Nord Stream 2 – Attempt to blackmail Putin – Economy

The Russian leadership wants to put the Nord Stream 2 pipeline into operation. The Kremlin sees the shortage of natural gas in Europe as an opportunity to push the project forward despite sanctions.

Moscow/Berlin (dpa) – Kremlin boss Vladimir Putin is enjoying the moment to the fullest: With a thin smile, he says that Europeans are to blame for their gas crisis because they prefer to rely on alternative rather than traditional energy sources and then sanctions on Russia.

However, wind and solar power is not enough, nor are the existing pipeline routes due to necessary repairs. “But as far as natural gas is concerned, we still have a complete route – that’s Nord Stream 2. We can put it into operation,” Putin said on the sidelines of a summit in faraway Iran.

Against the backdrop of the dispute over a turbine for the Nord Stream 1 pipeline and uncertainty over whether and to what extent gas can be supplied through pipelines to be laid in the Baltic Sea in the future, this sounds like a tempting offer. But only from the Kremlin’s point of view.

Like a negotiator in a bargain, the Russian President in Tehran urges the Europeans to hurry. Act quickly, because half of the resources intended for Nord Stream 2 are already planned for domestic demand and our own gas processing, says Putin. He pointed this out to Chancellor Olaf Solz by phone a month and a half ago, after dismissing the issue of commissioning Nord Stream 2 as premature.
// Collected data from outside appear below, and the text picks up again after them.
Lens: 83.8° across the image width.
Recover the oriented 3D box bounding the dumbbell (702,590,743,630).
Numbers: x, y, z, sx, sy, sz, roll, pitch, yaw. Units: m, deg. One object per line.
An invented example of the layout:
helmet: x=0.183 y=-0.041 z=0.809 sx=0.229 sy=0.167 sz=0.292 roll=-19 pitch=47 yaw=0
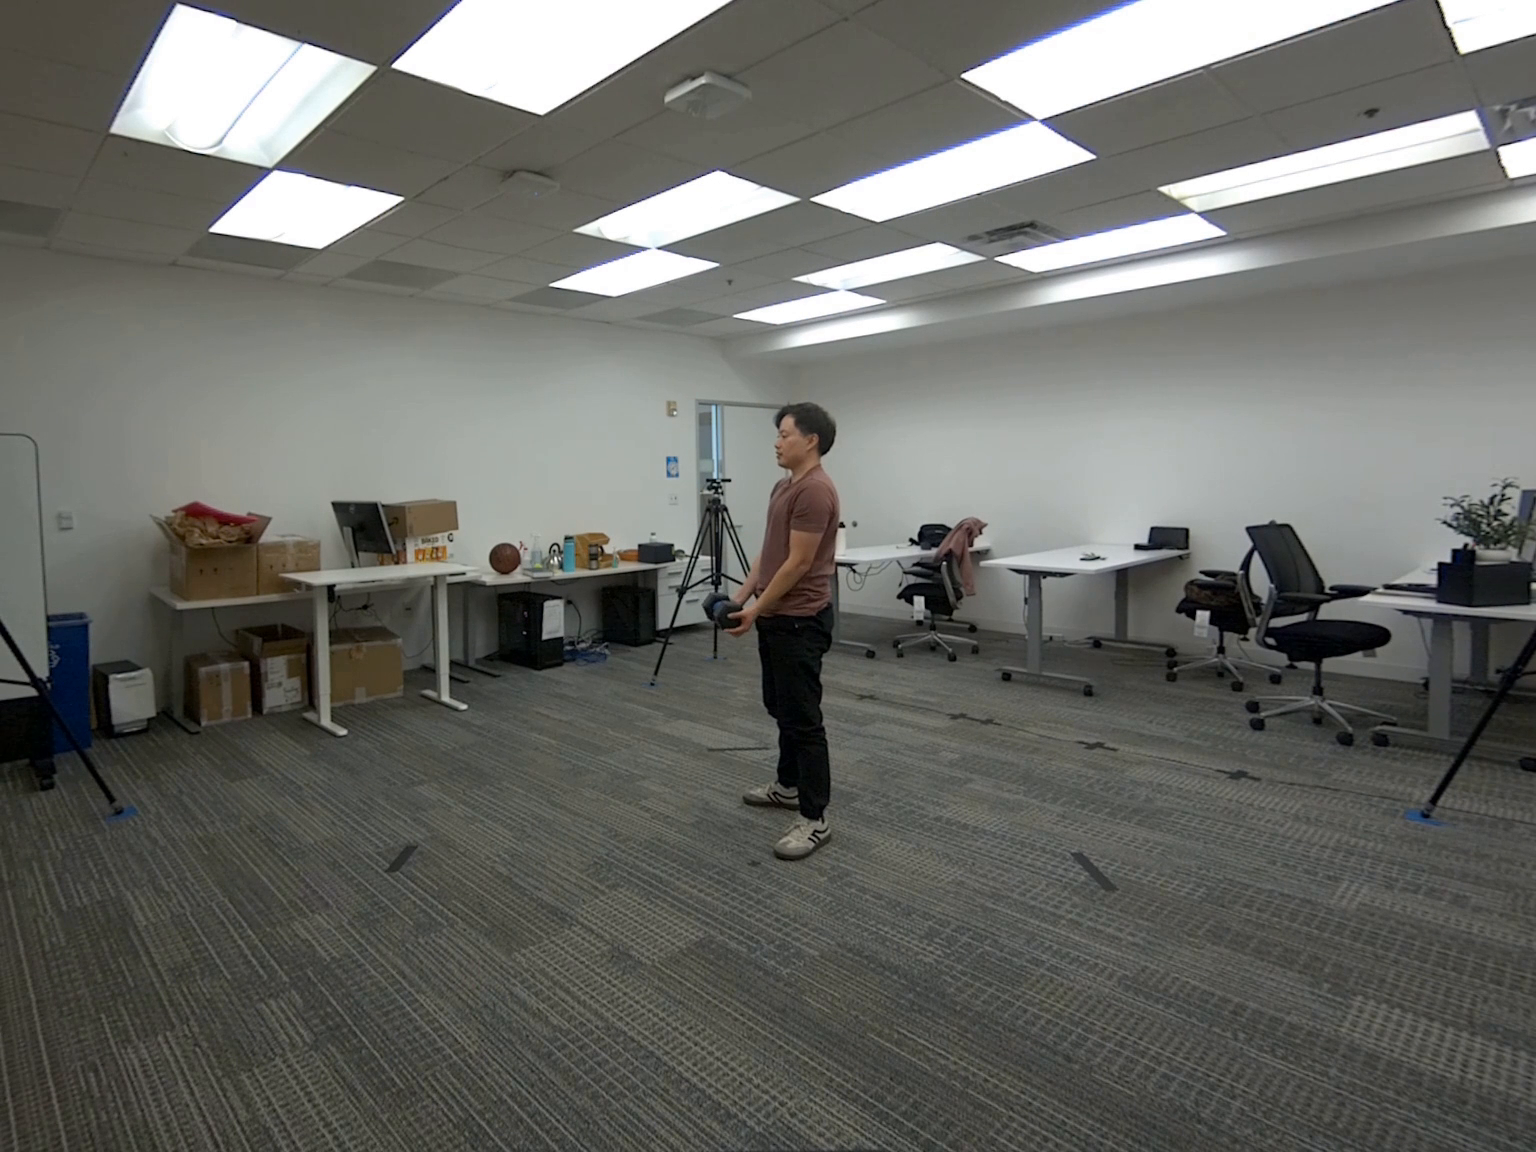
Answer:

Moscow insists that Nord Stream 2 is a purely commercial project. For years, this view was shared by the federal government. Claims – including by US President Donald Trump – that Germany is too dependent on Russia for pipeline energy have been dismissed by Berlin, pointing out that the White House chief is primarily interested in more sales of his own energy sources.

But of course, Nord Stream 2 was never linked solely to financial interests. For Moscow, it was already a matter of making the transit route through Ukraine redundant with this pipeline, which, like its predecessor Nord Stream 1, was supposed to bring 55 billion cubic meters of natural gas annually from Vyborg, Russia via the Baltic Sea to calm down. Lubmin in Mecklenburg-Western Pomerania.

Externally, the Russian leadership justified this by bypassing an unsafe transit country. But above all, the unwanted neighbor should be cut off from the billions of annual income that was due to extracting the raw material.

How does Germany react?

Putin bit back with his statement that Nord Stream 2 must now be commissioned in Berlin. The federal government reiterated its position Wednesday: the pipeline is not certified and therefore not legally permitted.

Politicians in the traffic light alliance became clearer: “Considering our real challenges, we are not dealing with such a clumsy attempt at blackmail,” said Lucas Kohler, Vice President of the FDP. “The issue of Nord Stream 2 has been settled for a good reason – and that reason is in the Kremlin.”

For a long time, Berlin kept Nord Stream 2 politically under wraps despite major international criticism. On February 22, even before Russia’s invasion of Ukraine, Berlin put the pipeline on hold, which has been highly controversial, especially in the US.

Even with the possibility of Nord Stream 2 becoming operational, Germany would likely break the international alliance against Russia. The federal government will also reverse its own ambitions: namely to become less dependent on Russian gas as soon as possible. However, this takes time.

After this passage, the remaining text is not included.